3rd Bosniak Member of the Presidency of Bosnia and Herzegovina
- In office 30 March 2001 – 28 October 2002
- Preceded by: Halid Genjac
- Succeeded by: Sulejman Tihić

Prime Minister of Sarajevo Canton
- In office 12 November 1998 – 15 February 2001
- Preceded by: Mustafa Mujezinović
- Succeeded by: Huso Hadžidedić

Member of the House of Representatives
- In office 20 November 2006 – 9 December 2014
- In office 29 December 2000 – 30 March 2001

Personal details
- Born: 8 September 1946 Sarajevo, PR Bosnia and Herzegovina, FPR Yugoslavia
- Died: 16 August 2023 (aged 76) Sarajevo, Bosnia and Herzegovina
- Party: Party for Bosnia and Herzegovina (1996–2023)
- Spouse: Azra Belkić
- Education: University of Sarajevo (BEc)

= Beriz Belkić =

Bosnian politician (1946–2023)

Beriz Belkić (8 September 1946 – 16 August 2023) was a Bosnian politician who served as the 3rd Bosniak member of the Presidency of Bosnia and Herzegovina from 2001 to 2002. He also served as Prime Minister of Sarajevo Canton from 1998 to 2001.

Belkić was a founding member of the Party for Bosnia and Herzegovina.

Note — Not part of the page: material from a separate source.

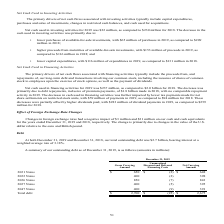According to Activision Blizzard's financial document, What was the company's outstanding debt At both December 31, 2019 and December 31, 2018? According to the financial document, $2.7 billion (in billions). The relevant text states: "December 31, 2018, our total outstanding debt was $2.7 billion, bearing interest at a..." Also, What was the gross carrying amount in the 2021 Notes? According to the financial document, $650 (in millions). The relevant text states: "2021 Notes $ 650 $ (2) $ 648..." Also, What was the gross carrying amount in the 2022 Notes? According to the financial document, 400 (in millions). The relevant text states: "2022 Notes 400 (2) 398..." Also, can you calculate: What was the change in gross carrying amount between the 2021 and 2022 Notes? Based on the calculation: (650-400), the result is 250 (in millions). This is based on the information: "2022 Notes 400 (2) 398 2021 Notes $ 650 $ (2) $ 648..." The key data points involved are: 400, 650. Also, can you calculate: What is the sum of the 2 highest gross carrying amounts? Based on the calculation: (850+650), the result is 1500 (in millions). This is based on the information: "2026 Notes 850 (7) 843 2021 Notes $ 650 $ (2) $ 648..." The key data points involved are: 650, 850. Also, can you calculate: What is the percentage change in the net carrying amount between the 2022 Notes and 2026 Notes? To answer this question, I need to perform calculations using the financial data. The calculation is: (843-398)/398, which equals 111.81 (percentage). This is based on the information: "2026 Notes 850 (7) 843 2022 Notes 400 (2) 398..." The key data points involved are: 398, 843.

He was elected three times to the national House of Representatives as well.

==Early life and career==
Born in Sarajevo on 8 September 1946, Belkić graduated from the University of Sarajevo Faculty of Economics. He served on various administrative positions, on municipal, cantonal and state level. His first serious political position was that of Prime Minister of Sarajevo Canton, serving from 12 November 1998 until 15 February 2001.

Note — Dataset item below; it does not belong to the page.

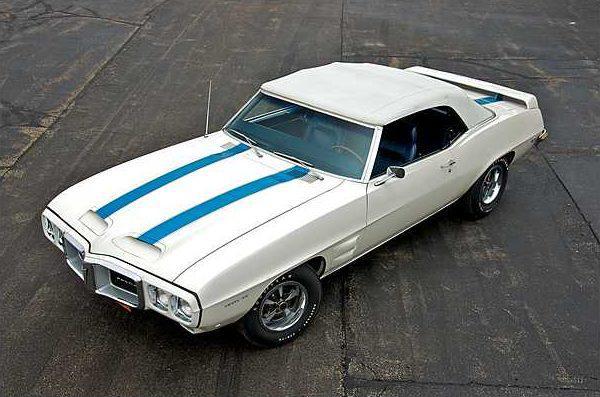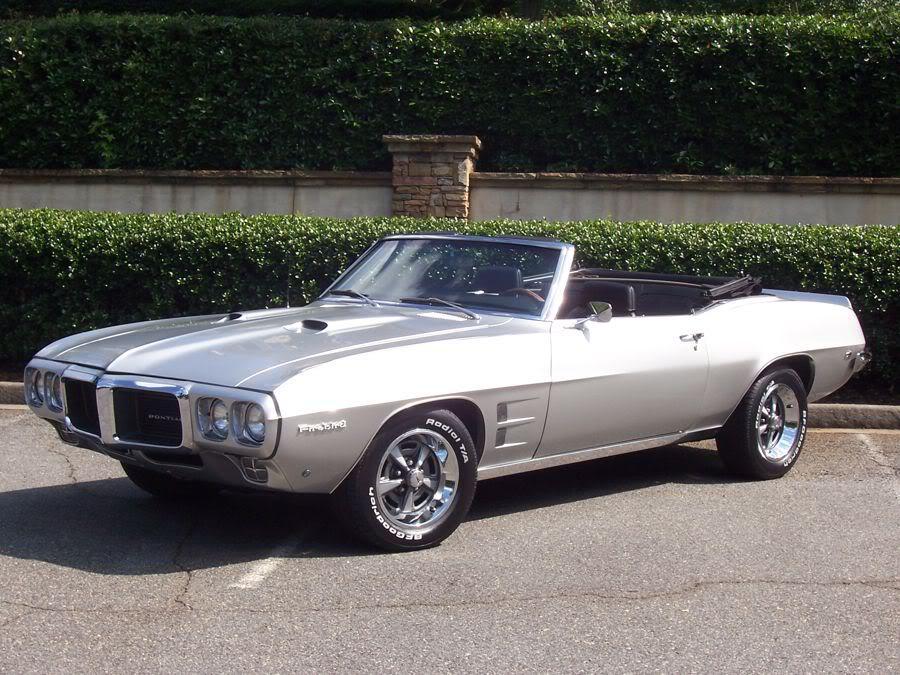The first image is the image on the left, the second image is the image on the right. Examine the images to the left and right. Is the description "Two cars are facing left." accurate? Answer yes or no. Yes.

Following the 2000 parliamentary election, Belkić was elected as a parliament member in the national House of Representatives. On 30 March 2001, he was elected by parliament to replace Halid Genjac as a substitute member of the Presidency of Bosnia and Herzegovina, following the withdrawal of Alija Izetbegović. He was elected back to the House of Representatives in the 2006 general election, serving in parliament until 9 December 2014.

Belkić was a founding member of the Party for Bosnia and Herzegovina in 1996.

==Personal life and death==
Beriz was married to Azra Belkić. They lived in Sarajevo.

Belkić died in Sarajevo on 16 August 2023, at the age of 76. He reportedly suffered a stroke some days prior to his death.